At a time when LLMs are accessible to everyone, when anyone can ask “explain it to me like I’m 5” and get a patient, adapted answer, the question of who gets to contribute to research may be worth revisiting. Not to replace researchers or bypass rigor, quite the opposite. But to allow intuitions from unexpected places to meet the formalism they lack, and for peer review to benefit from perspectives it hadn’t planned for.
People learn, science breathes. Nobody loses.
The science fiction novel, by the way, still isn’t finished. But the physics it spawned, that continues.
¯\_(ツ)_/¯
Brieuc de La Fournière is the owner of galerie cadran solaire in Beaune (Burgundy, France) with his wife Alix-Anne. He has no formal scientific training. All GIFT work is available as open source at github.com/gift-framework/.

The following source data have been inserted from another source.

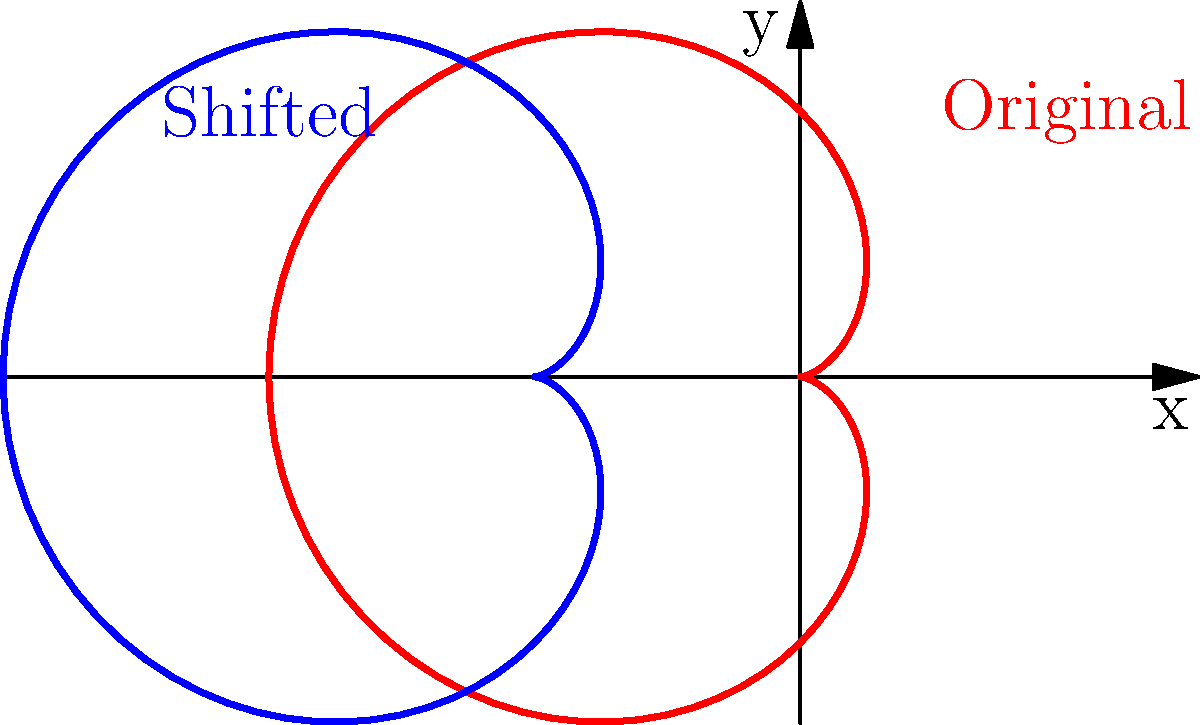In your quest for artistic vengeance, you encounter a cardioid shape symbolizing a broken heart. The original cardioid is given by the polar equation $r = 2(1 - \cos\theta)$. If you were to shift this cardioid 2 units to the left to represent your journey of healing, what would be the new Cartesian equation of the shifted cardioid? To solve this problem, let's follow these steps:

1) The original cardioid equation in polar form is:
   $r = 2(1 - \cos\theta)$

2) Convert the polar equation to Cartesian form:
   $x = r\cos\theta$ and $y = r\sin\theta$
   Substitute $r$:
   $x = 2(1 - \cos\theta)\cos\theta$ and $y = 2(1 - \cos\theta)\sin\theta$

3) Simplify:
   $x = 2\cos\theta - 2\cos^2\theta$ and $y = 2\sin\theta - 2\sin\theta\cos\theta$

4) Use the identity $\cos^2\theta = \frac{1}{2}(1 + \cos2\theta)$:
   $x = 2\cos\theta - (1 + \cos2\theta) = \cos\theta - \cos2\theta - 1$

5) Use the double angle formula $\cos2\theta = 2\cos^2\theta - 1$:
   $x = \cos\theta - (2\cos^2\theta - 1) - 1 = \cos\theta - 2\cos^2\theta$

6) Square both sides of $x = \cos\theta - 2\cos^2\theta$ and $y = 2\sin\theta - 2\sin\theta\cos\theta$:
   $x^2 = \cos^2\theta - 4\cos^3\theta + 4\cos^4\theta$
   $y^2 = 4\sin^2\theta - 8\sin^2\theta\cos\theta + 4\sin^2\theta\cos^2\theta$

7) Add $x^2$ and $y^2$:
   $x^2 + y^2 = \cos^2\theta + \sin^2\theta - 4\cos^3\theta + 4\cos^4\theta + 4\sin^2\theta - 8\sin^2\theta\cos\theta + 4\sin^2\theta\cos^2\theta$

8) Simplify using $\cos^2\theta + \sin^2\theta = 1$:
   $x^2 + y^2 = 1 - 4\cos^3\theta + 4\cos^4\theta + 4 - 8\sin^2\theta\cos\theta + 4\sin^2\theta\cos^2\theta$
   $x^2 + y^2 = 5 - 4\cos^3\theta + 4\cos^4\theta - 8\sin^2\theta\cos\theta + 4\sin^2\theta\cos^2\theta$

9) Use $x = \cos\theta - 2\cos^2\theta$ to substitute for $\cos\theta$:
   $\cos\theta = x + 2\cos^2\theta$
   $\cos^2\theta = \frac{1}{4}(1 - x)$

10) Substitute these into the equation from step 8:
    $x^2 + y^2 = 5 - 4(x + \frac{1}{2}(1-x))^3 + 4(\frac{1}{4}(1-x))^2 - 8(1-\frac{1}{4}(1-x)^2)(x + \frac{1}{2}(1-x)) + 4(1-\frac{1}{4}(1-x)^2)(\frac{1}{4}(1-x))$

11) Simplify (this is a lengthy process):
    $x^2 + y^2 = 4x + 4$

12) To shift the cardioid 2 units to the left, replace x with (x+2):
    $(x+2)^2 + y^2 = 4(x+2) + 4$

13) Expand:
    $x^2 + 4x + 4 + y^2 = 4x + 8 + 4$

14) Simplify:
    $x^2 + y^2 = 8$

This is the Cartesian equation of the shifted cardioid.
Answer: $x^2 + y^2 = 8$

Photo: Alice de La Fournière-Bridot
Further reading
The framework: gift-framework.github.io/GIFT/
The Substack: giftheory.substack.com
Imperial + UNICAMP citation: Heyes et al., arXiv:2602.12438 - neural G₂ metrics
Oxford citation: Mamun, The Void Paradox - informational foundations of reality
The PINN journey (30 experiments in 4 weeks): full technical document available on request


Thanks for sharing this! Your journey from feeling magnets in a shop to being cited by renowned established institutes is a stunning testament to how AI allows the human mind to bypass traditional gatekeeping and translate raw intuition into rigorous insights.
You mentioned that GIFT was born from a narrative need for a "beautiful story". I'm curious: do you believe that the most fundamental laws of the universe are inherently aesthetic, or is our attraction to "beauty" just a useful cognitive shortcut for finding order in the chaos?
Artists and humanities folks sometimes are the best to ask technical or STEM questions because we see things from a macro perspective!!